(Records contained in a dataset)
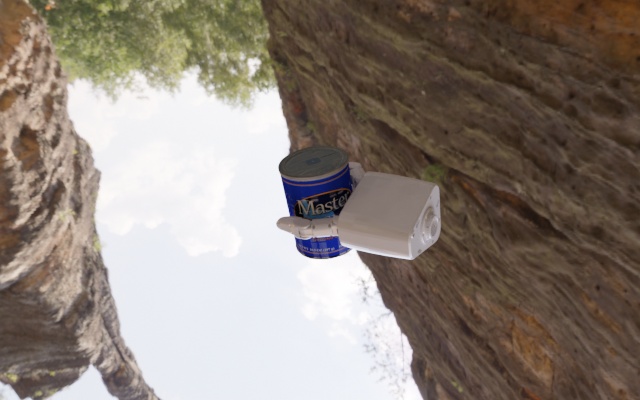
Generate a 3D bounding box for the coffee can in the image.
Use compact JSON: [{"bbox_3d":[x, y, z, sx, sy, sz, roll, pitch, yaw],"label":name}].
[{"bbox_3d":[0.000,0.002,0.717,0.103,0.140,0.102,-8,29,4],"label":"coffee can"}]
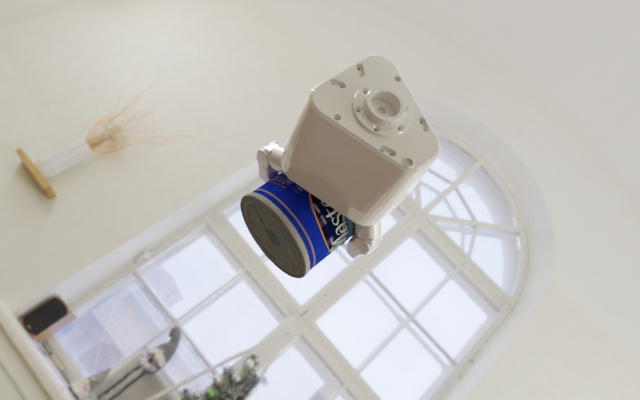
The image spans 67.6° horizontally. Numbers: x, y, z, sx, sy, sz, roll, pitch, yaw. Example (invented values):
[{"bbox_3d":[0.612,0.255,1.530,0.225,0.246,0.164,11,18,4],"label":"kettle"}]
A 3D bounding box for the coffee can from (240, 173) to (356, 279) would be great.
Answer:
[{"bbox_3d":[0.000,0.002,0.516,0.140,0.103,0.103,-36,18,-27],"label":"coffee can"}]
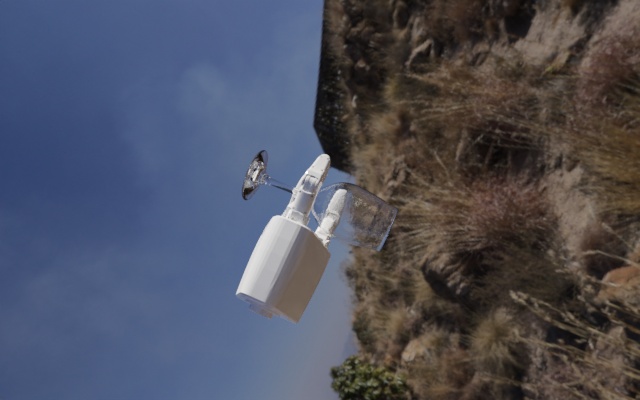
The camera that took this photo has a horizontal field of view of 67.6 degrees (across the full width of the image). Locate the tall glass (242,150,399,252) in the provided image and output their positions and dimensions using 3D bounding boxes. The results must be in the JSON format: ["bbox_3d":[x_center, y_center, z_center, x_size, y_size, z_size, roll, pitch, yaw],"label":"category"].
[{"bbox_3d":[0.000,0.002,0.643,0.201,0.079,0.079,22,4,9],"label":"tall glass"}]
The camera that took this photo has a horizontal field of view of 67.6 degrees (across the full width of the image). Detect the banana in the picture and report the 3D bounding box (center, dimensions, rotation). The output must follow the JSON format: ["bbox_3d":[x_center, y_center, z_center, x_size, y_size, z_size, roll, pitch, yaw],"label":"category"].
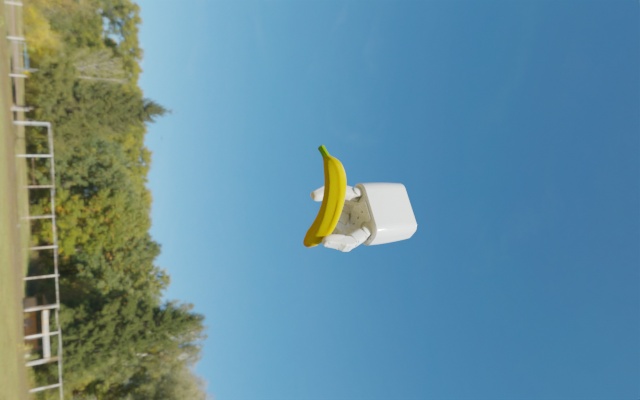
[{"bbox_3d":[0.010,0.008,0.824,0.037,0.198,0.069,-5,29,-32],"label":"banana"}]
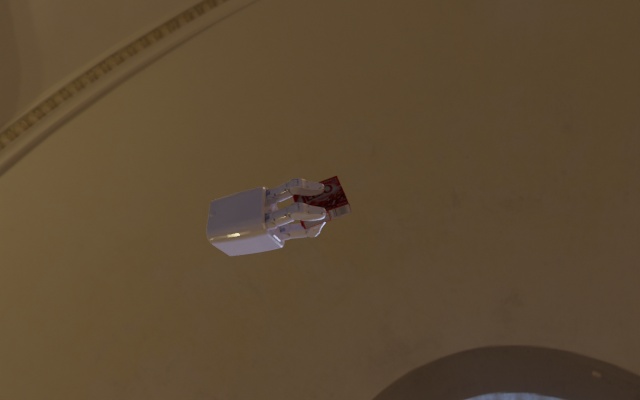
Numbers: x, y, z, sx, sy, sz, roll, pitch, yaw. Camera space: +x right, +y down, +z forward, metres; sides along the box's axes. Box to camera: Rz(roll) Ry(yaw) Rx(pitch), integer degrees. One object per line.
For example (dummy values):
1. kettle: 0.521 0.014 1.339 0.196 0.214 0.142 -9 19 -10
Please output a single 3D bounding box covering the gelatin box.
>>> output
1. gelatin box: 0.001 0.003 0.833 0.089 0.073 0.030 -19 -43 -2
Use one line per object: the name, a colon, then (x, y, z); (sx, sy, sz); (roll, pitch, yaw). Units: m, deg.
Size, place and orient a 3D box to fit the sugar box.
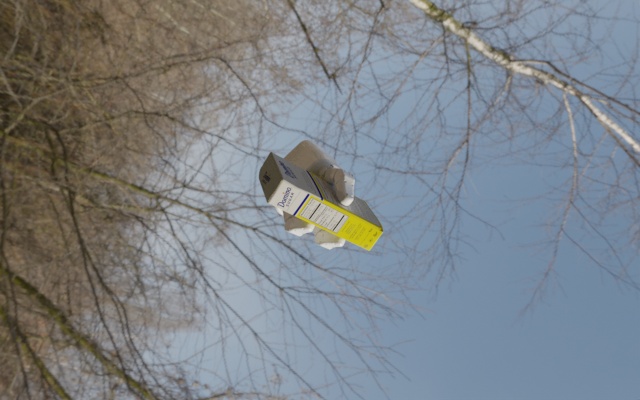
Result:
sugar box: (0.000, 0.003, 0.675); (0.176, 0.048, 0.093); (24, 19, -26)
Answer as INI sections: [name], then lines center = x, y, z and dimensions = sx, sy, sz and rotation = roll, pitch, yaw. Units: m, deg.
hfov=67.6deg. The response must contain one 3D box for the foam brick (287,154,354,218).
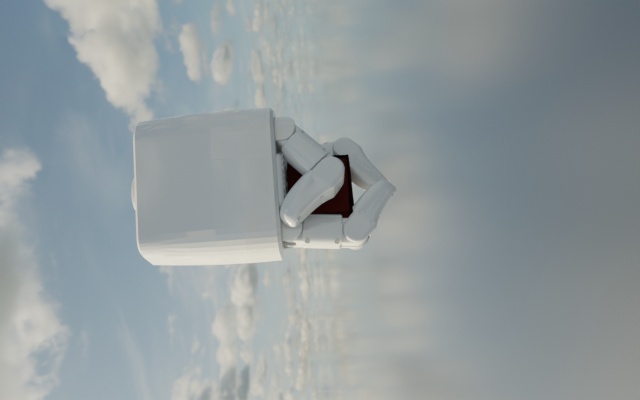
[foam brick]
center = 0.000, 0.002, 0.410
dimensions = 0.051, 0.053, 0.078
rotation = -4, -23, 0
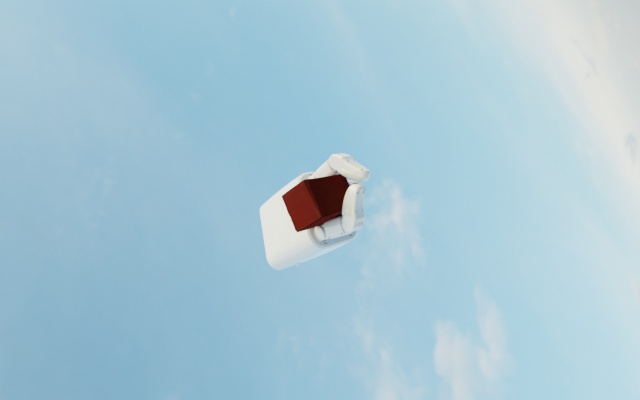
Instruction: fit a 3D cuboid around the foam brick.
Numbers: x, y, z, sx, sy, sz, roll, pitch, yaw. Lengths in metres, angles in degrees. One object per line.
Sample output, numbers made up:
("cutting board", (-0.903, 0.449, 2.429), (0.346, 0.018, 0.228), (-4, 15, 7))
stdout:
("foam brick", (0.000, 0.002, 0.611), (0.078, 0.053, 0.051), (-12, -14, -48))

▸ What you have to do: Print again, word for word, every line from the line with "hfov=67.6deg. The response" to the final line of the records, inclusive; skip the pictures.

▸ Result for this exercise:
hfov=67.6deg. The response must contain one 3D box for the foam brick (287,154,354,218).
[foam brick]
center = 0.000, 0.002, 0.410
dimensions = 0.051, 0.053, 0.078
rotation = -4, -23, 0
Instruction: fit a 3D cuboid around the foam brick.
Numbers: x, y, z, sx, sy, sz, roll, pitch, yaw. Lengths in metres, angles in degrees. One object per line.
Sample output, numbers made up:
("cutting board", (-0.903, 0.449, 2.429), (0.346, 0.018, 0.228), (-4, 15, 7))
stdout:
("foam brick", (0.000, 0.002, 0.611), (0.078, 0.053, 0.051), (-12, -14, -48))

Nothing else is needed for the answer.